Los críticos sostienen que es una norma que discrimina y pone en riesgo la naturaleza secular de la Constitución al tratar de crear un Estado hindú o un “Hindu Rashtra”, al estilo de Arabia Saudita o de Israel, con el fin de crear un Estado judío.

 

El gobierno también busca implementar un Registro Nacional de Ciudadanos (NRC) para 2021, el que comenzó a implementar en el estado de Assam, obligando a las personas a presentar pruebas de su ciudadanía.

 

La iniciativa implicó que casi 1,9 millones de personas, la mayoría musulmanes, corran el riesgo ahora de terminar en campos de detención por no tener documentos suficientes, los que deben remontarse a la década de los años '70.

 

El BJP presentó la ley como avanzada, lo que es redundante, según el historiador y director ejecutivo del Instituto Tricontinental de Investigación Social, Vijay Prashad, dado que India ya es signatario del Pacto Mundial para la Migración Segura, Ordenada y Regular, así como de otros tratados internacionales sobre migraciones y refugiados.

 

¿Por qué no hacer que India ratifique esos tratados?, ¿por qué molestarse en crear su propia norma rara si ya existe un marco internacional que dice que aceptamos refugiados y migrantes?, preguntó en forma retórica.

 

“Pues porque usaron la cuestión de la migración no en sí misma, sino para definir quién puede ser ciudadano indio; es de temer ya que ahora los musulmanes no son ciudadanos en India”, respondió Prashad.

 

De hecho el ministro del Interior, Amit Shah, calificó a los musulmanes, sin documentos legales procedentes de Bangladesh, de “termitas” e “infiltrados” y amenazó con tirarlos a la bahía de Bengala.

 

Según el Centro de Derecho de la Universidad de Georgetown, la reforma podría violar los artículos 14 y 21 de la Constitución, que están vinculados a la igualdad y la libertad.

 

Las manifestaciones populares diarias en contra de la enmienda legal sufrieron fuertes represalias de la Policía, que usó granadas, bombas de humo, gases lacrimógenos e incluso municiones reales, y dejaron a varias personas muertas.

 

La Organización de las Naciones Unidas (ONU), pidió “prudencia y urgió a respetar los derechos a la libertad de opinión, de expresión y de reunión pacífica”.

 

Por su parte, la portavoz de la alta comisionada de derechos humanos Michelle Bachelet, declaró que la ley “parece socavar el compromiso con la igualdad frente a la ley, consagrado en la Constitución de India”.

 

El Registro Nacional de Ciudadanos implicaría un gran perjuicio económico, según un reportaje publicado por Wire.
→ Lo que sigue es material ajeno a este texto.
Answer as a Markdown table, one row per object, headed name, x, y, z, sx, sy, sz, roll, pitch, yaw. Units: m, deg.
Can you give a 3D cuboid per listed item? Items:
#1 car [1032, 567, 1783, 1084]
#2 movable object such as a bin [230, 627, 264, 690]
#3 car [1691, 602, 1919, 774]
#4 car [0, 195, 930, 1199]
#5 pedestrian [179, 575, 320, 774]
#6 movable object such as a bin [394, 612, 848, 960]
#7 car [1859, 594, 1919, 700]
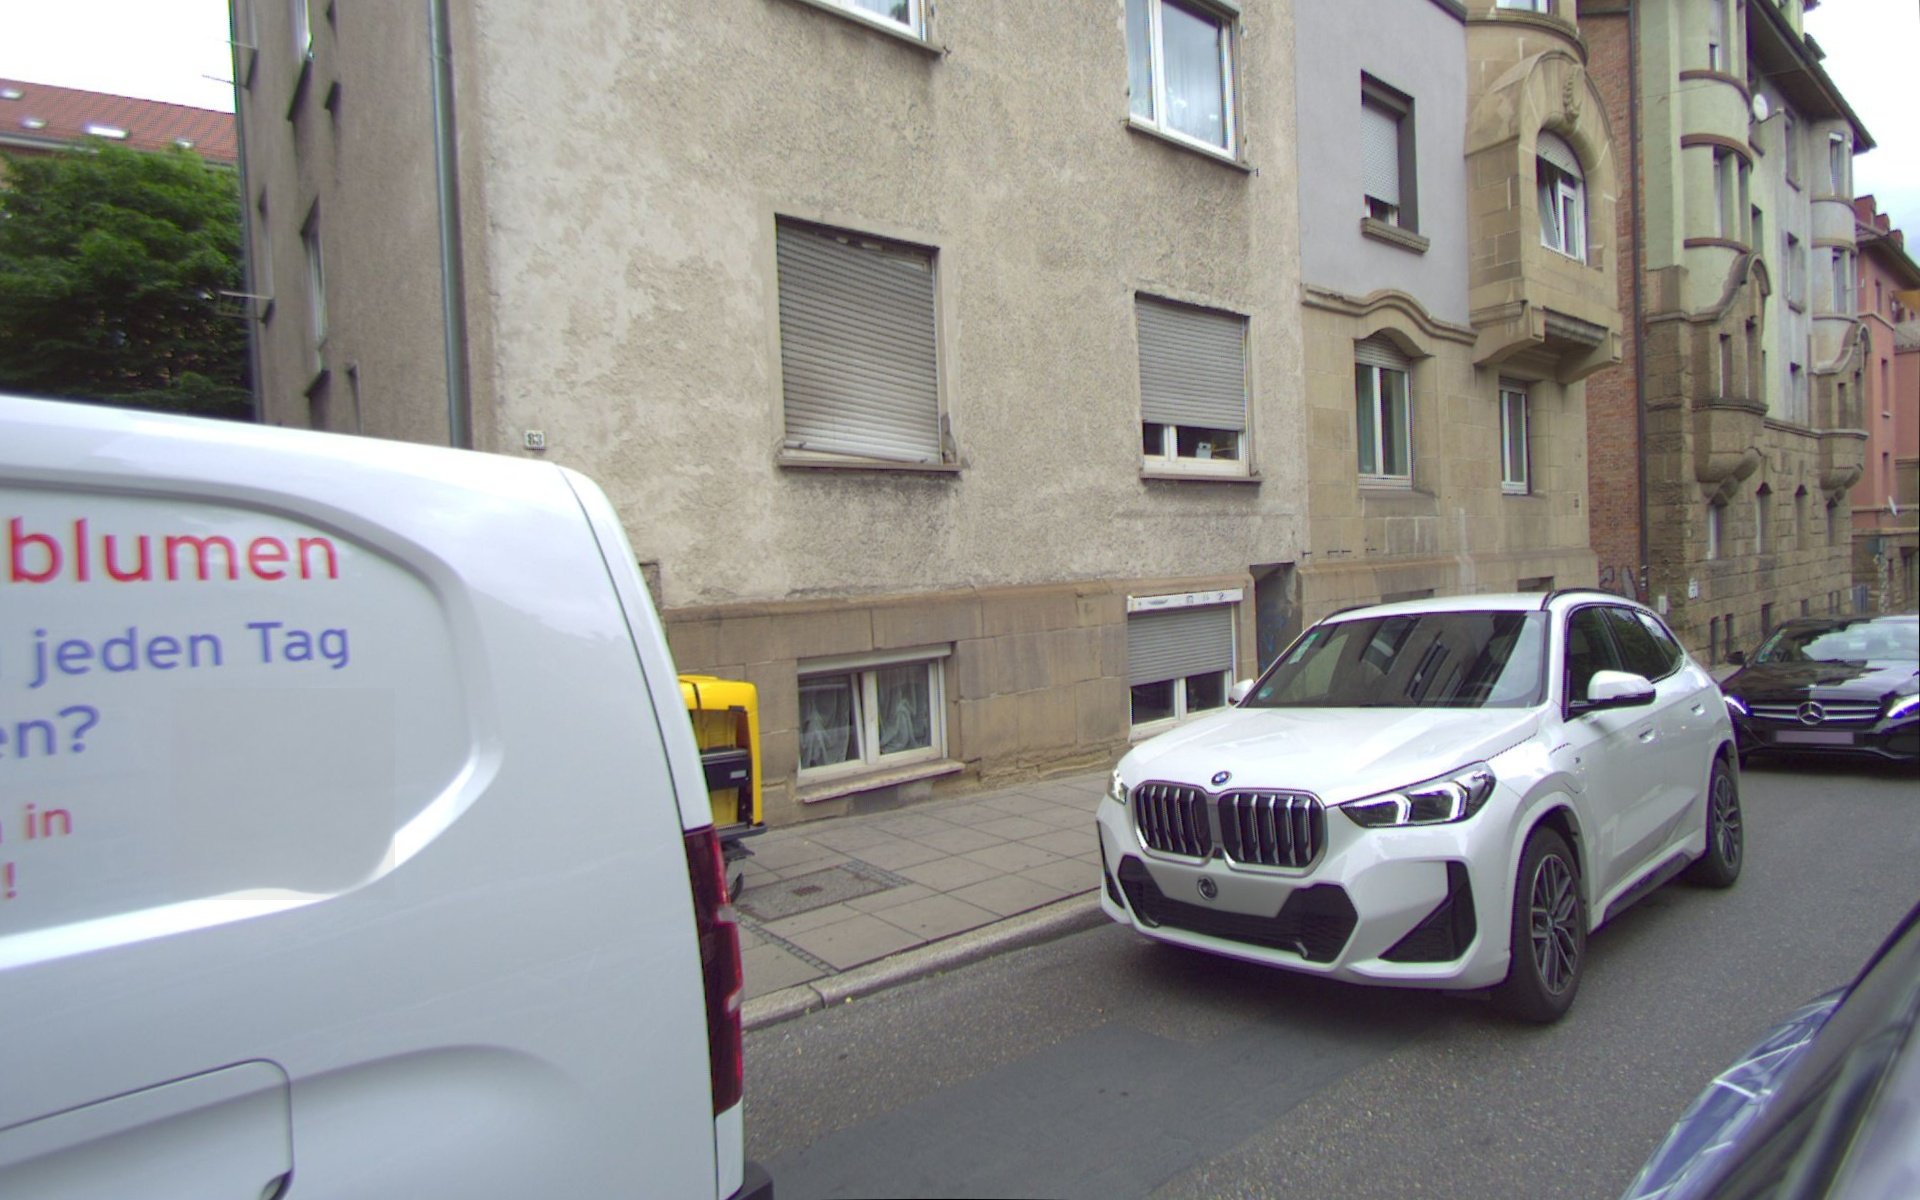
| name | x | y | z | sx | sy | sz | roll | pitch | yaw |
| --- | --- | --- | --- | --- | --- | --- | --- | --- | --- |
| car | 2.565 | 0.725 | 5.238 | 4.276 | 1.576 | 1.857 | -1 | -4 | -42 |
| movable object such as a bin | -10.977 | 0.894 | 15.577 | 0.405 | 0.923 | 0.340 | 0 | 0 | -40 |
| car | 9.098 | 0.755 | 10.165 | 4.133 | 1.395 | 1.882 | -1 | -3 | -41 |
| car | -2.412 | 0.590 | 0.800 | 4.597 | 1.798 | 1.977 | -1 | -3 | -42 |
| pedestrian | -6.523 | 0.640 | 9.298 | 0.808 | 1.666 | 0.773 | 0 | 6 | 42 |
| movable object such as a bin | -1.760 | 0.798 | 5.393 | 1.979 | 1.391 | 1.223 | -1 | 2 | -43 |
| car | 15.721 | 0.633 | 15.714 | 4.226 | 1.534 | 1.935 | -1 | -3 | -40 |
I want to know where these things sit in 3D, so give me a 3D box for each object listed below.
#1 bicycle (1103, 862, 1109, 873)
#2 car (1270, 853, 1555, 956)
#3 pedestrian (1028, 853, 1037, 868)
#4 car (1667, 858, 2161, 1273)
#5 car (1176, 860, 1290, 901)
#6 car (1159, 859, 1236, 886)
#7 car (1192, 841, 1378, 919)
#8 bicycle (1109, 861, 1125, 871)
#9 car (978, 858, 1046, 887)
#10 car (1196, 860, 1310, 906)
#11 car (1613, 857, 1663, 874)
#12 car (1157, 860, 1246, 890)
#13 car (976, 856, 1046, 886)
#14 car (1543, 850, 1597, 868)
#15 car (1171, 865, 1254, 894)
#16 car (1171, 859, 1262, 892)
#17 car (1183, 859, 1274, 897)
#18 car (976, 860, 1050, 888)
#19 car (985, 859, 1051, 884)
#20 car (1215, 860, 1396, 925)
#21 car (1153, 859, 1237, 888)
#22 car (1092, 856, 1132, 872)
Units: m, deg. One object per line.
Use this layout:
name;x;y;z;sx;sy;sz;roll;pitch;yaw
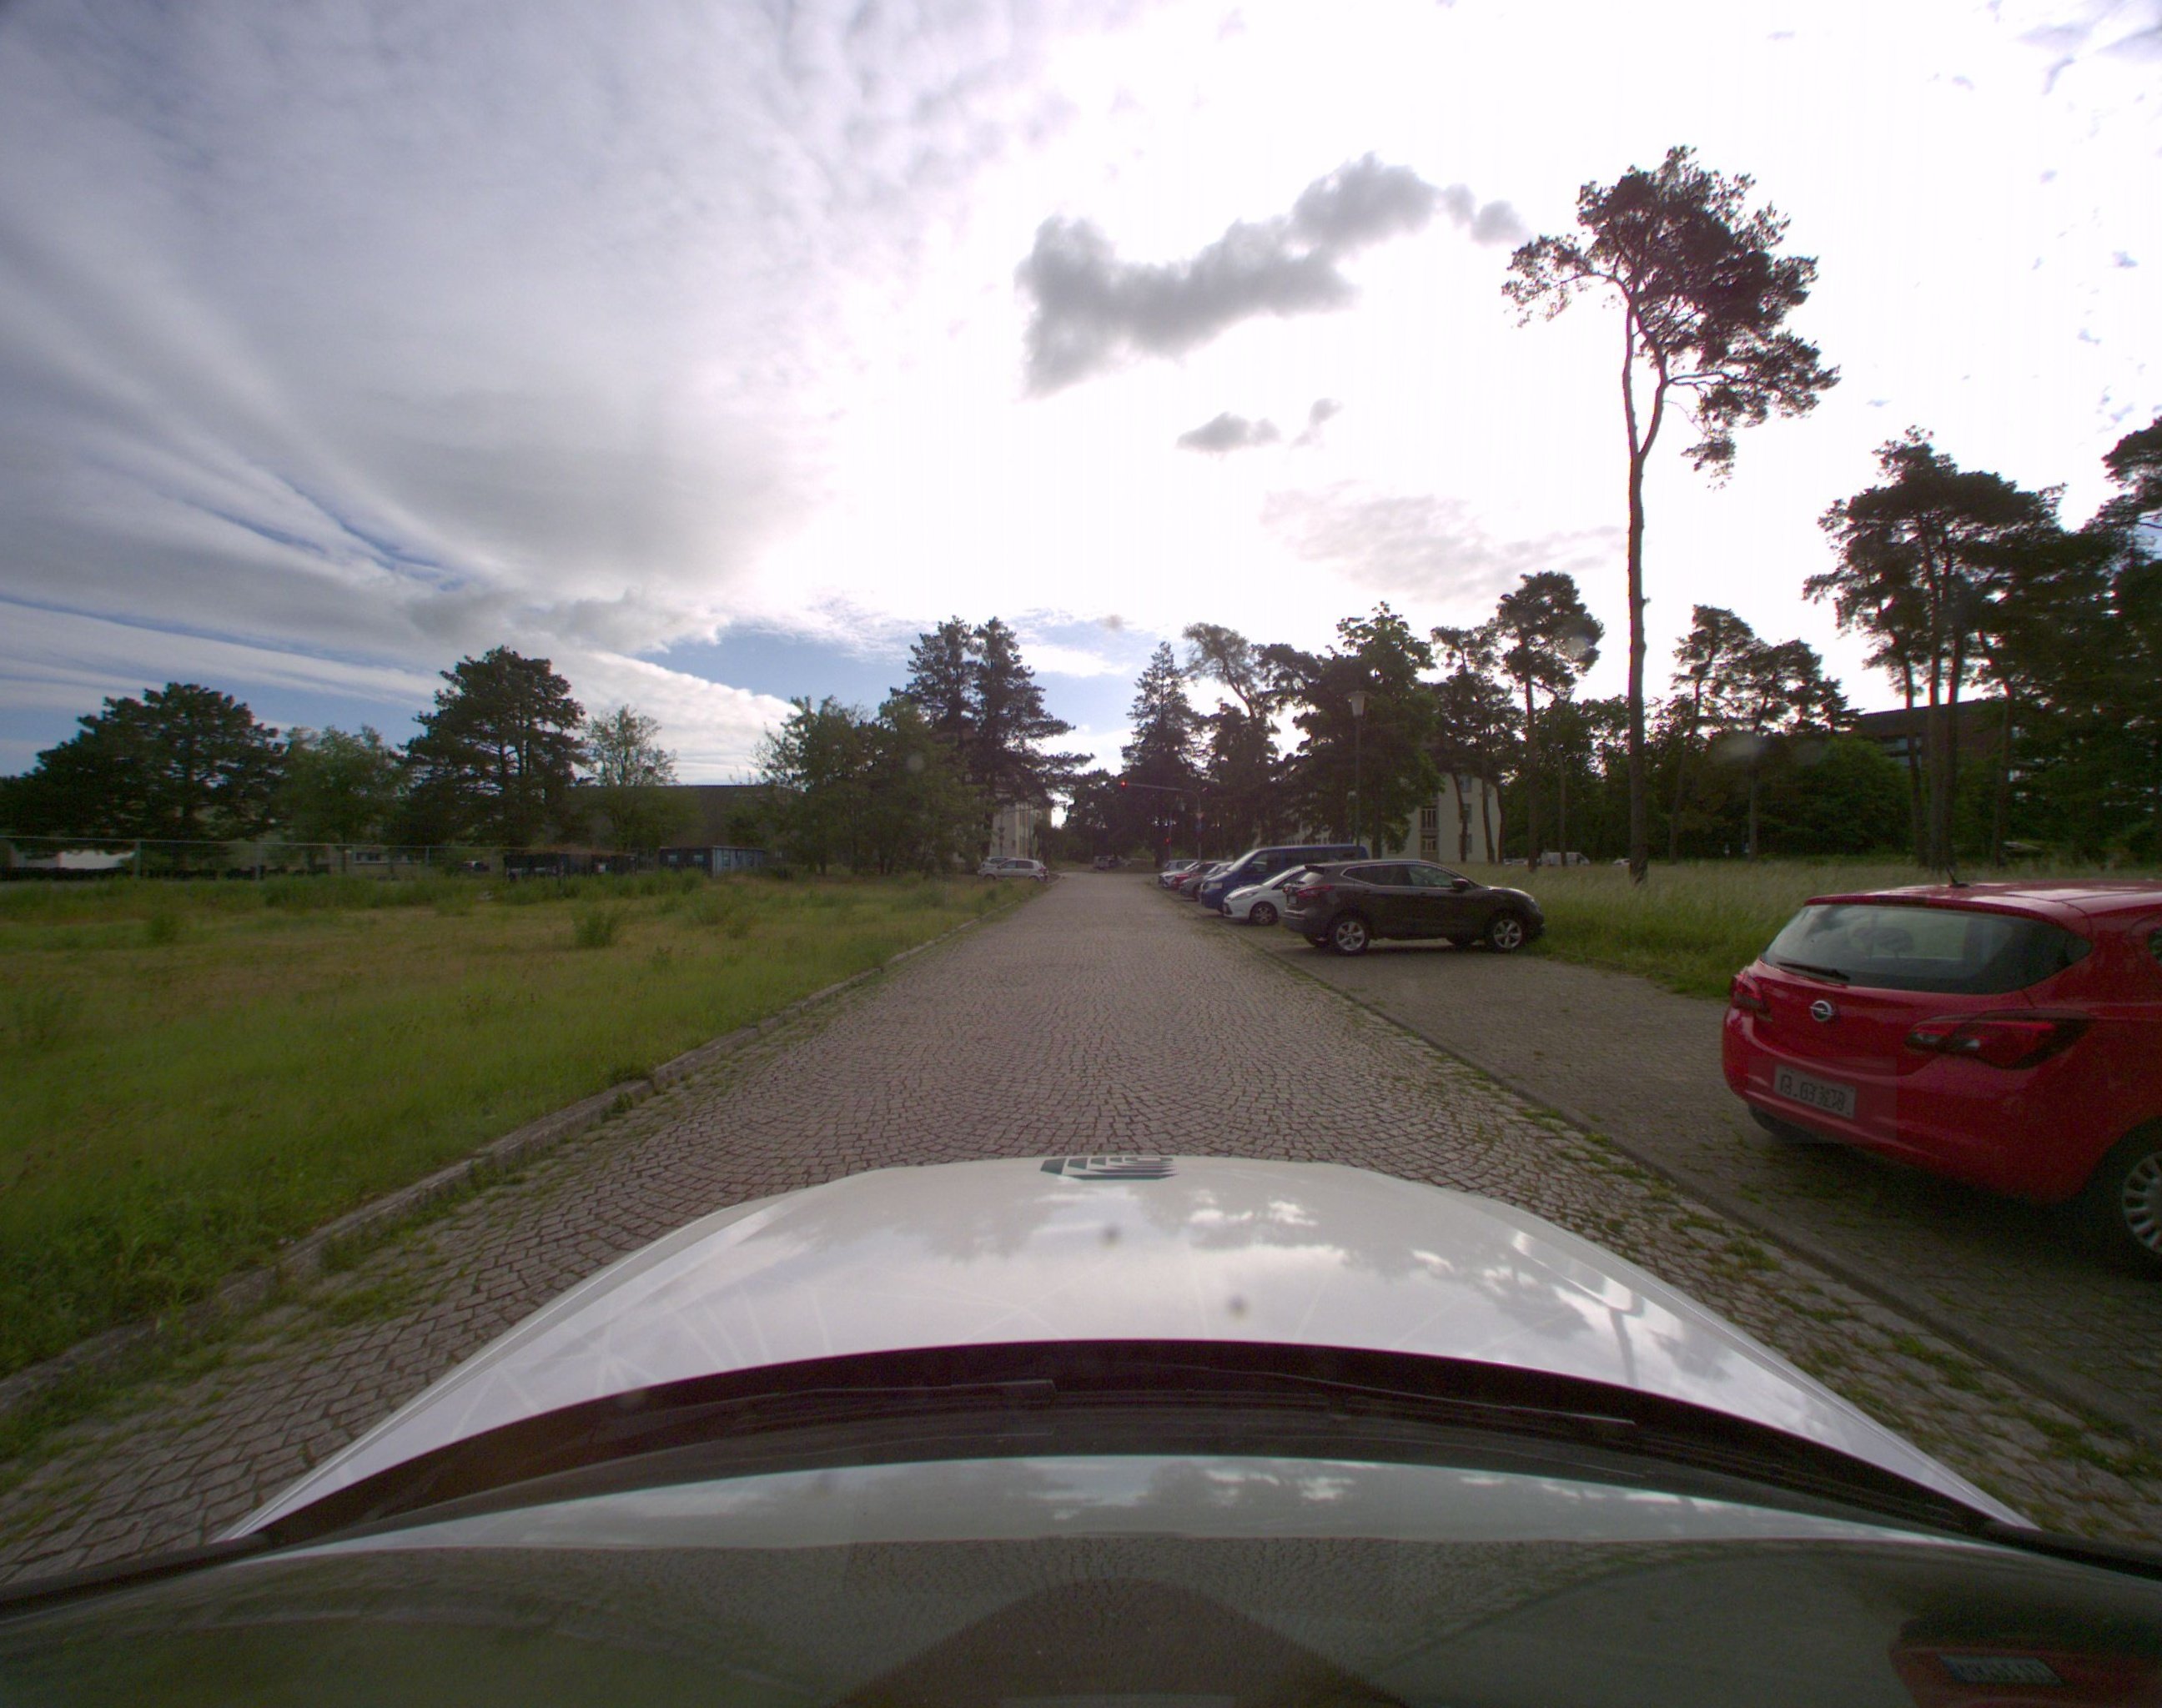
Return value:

En Assam, donde reside solo tres por ciento de los más de 1.300 millones de habitantes, “llevó casi una década, se necesitaron más de 50.000 funcionarios públicos, con un costo de más de 168 millones de dólares”, indica el artículo.“No se trata de una política que se pueda implementar”, puntualizó Prashad. “No se pueden expatriar 200 millones de musulmanes”, subrayó, y añadió que si los musulmanes de India vivieran en un país, este sería el octavo más poblado del mundo.

 

Los derechos y las libertades de millones de personas en India, están en riesgo. Y cuando se trata de derechos y libertades en riesgo, hay que protegerlos. En la India, en Argentina, en Venezuela o en Suecia.